The characters are all innocent. No one is inherently evil, but they all manage to make each other sad while seeking happiness. And when they’re sad, you as the reader are sad. Aoi Hana is notable because all the characters are relatable. There are so few manga where the beautiful character is rejected. After all, that just doesn’t make sense! But in the real world, it’s not just about who’s the prettiest. It’s about who you’d rather spend your time with, and Aoi Hana reflects this honestly.
If you’re the type of person who is open to reading stuff of this genre, and don’t mind the infrequent break from the ultra-violence of things like Bleach or Naruto, then why not check it out? Aoi Hana is a light read that never fails to set my heart aflutter. Some of its aspects upon re-reading may seem over the top, but really it’s like they’re a simple joke homage to the genre. Enough stereotypes are turned on their heads to let you know that this isn’t any old run-of-the-mill romance/drama shoujo-ai manga. Every time I think of yuri, I think of Aoi Hana and how the characters are totally flawed and it makes them seem like bad people, but as you read you know that they aren’t bad, just human.
Oh yeah, before I finish, I’ll get to the points that I really wanted to make. First off – back to what I said I’d discuss later. Later is now. At these all-girl schools, no one is surprised when girls say they’re in love with girls, or dating another girl.
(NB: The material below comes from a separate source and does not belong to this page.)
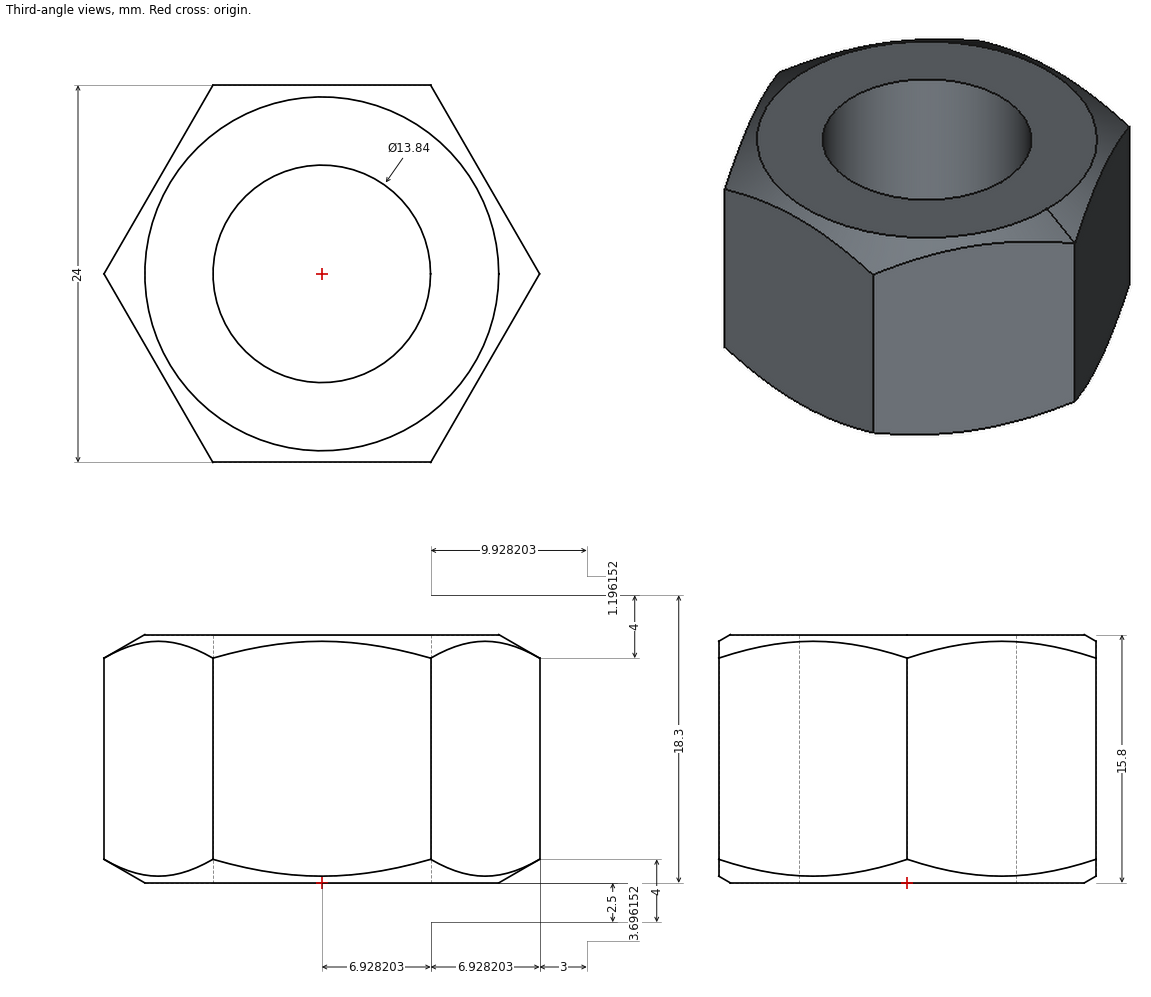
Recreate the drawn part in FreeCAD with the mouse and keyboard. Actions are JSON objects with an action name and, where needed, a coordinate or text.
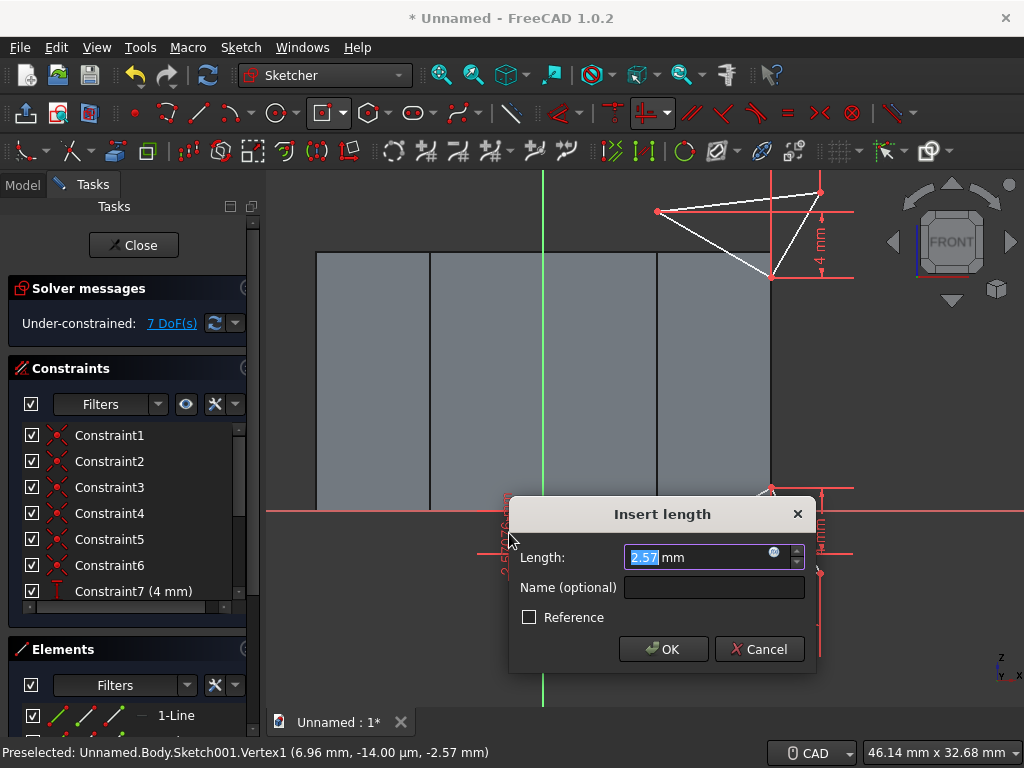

There’s no stigma about being gay or lesbian. There’s some worry about it not being normal, or being embarrassed to tell people, but there’s no emotional uncertainty in the characters. Fumi never wonders, “I like girls? What? I never thought I would be interested in a girl, this is so weird,” and when she tells Ah-chan that she’s going out with Yasuko, Ah-chan isn’t weirded out or scared. She embodies an acceptance and open-mindedness that makes this manga quite progressive. In this respect, Aoi Hana is perfect. Characters understand themselves and there’s never that source of drama, and rather, the complexities of relationships are what make the story so moving.
The other point I wanted to make about why Aoi Hana is special, as a manga (or anime), not just as a yuri or shoujo-ai. The story isn’t too long, which is nice. But more importantly, the manga is a window into the characters’ lives. When you read any comic, the panels are literally windows. Aoi Hana takes this another step further by having events that happen outside of these windows, implying to the reader that there’s more to the characters’ lives than just what you see through the windows. Sometimes events are recapped by Fumi as she lies in bed that night, and you think “Hey! That wasn’t shown!” but the thing is, Fumi and Ah-chan live beyond those windows, too. And that’s mastery of the art form, in my opinion. The use of that technique makes my mind blown by all its depth. At first it’s jarring to lack the full picture of the story, but it’s what keeps me coming back. Whenever I re-read any part of Aoi Hana, I notice things I hadn’t before, and I understand the characters even better. That’s what truly makes Aoi Hana a great manga.
So, regardless of whether you like shoujo-ai or not, Aoi Hana is a nice read that doesn’t take too long, unlike many other manga out there.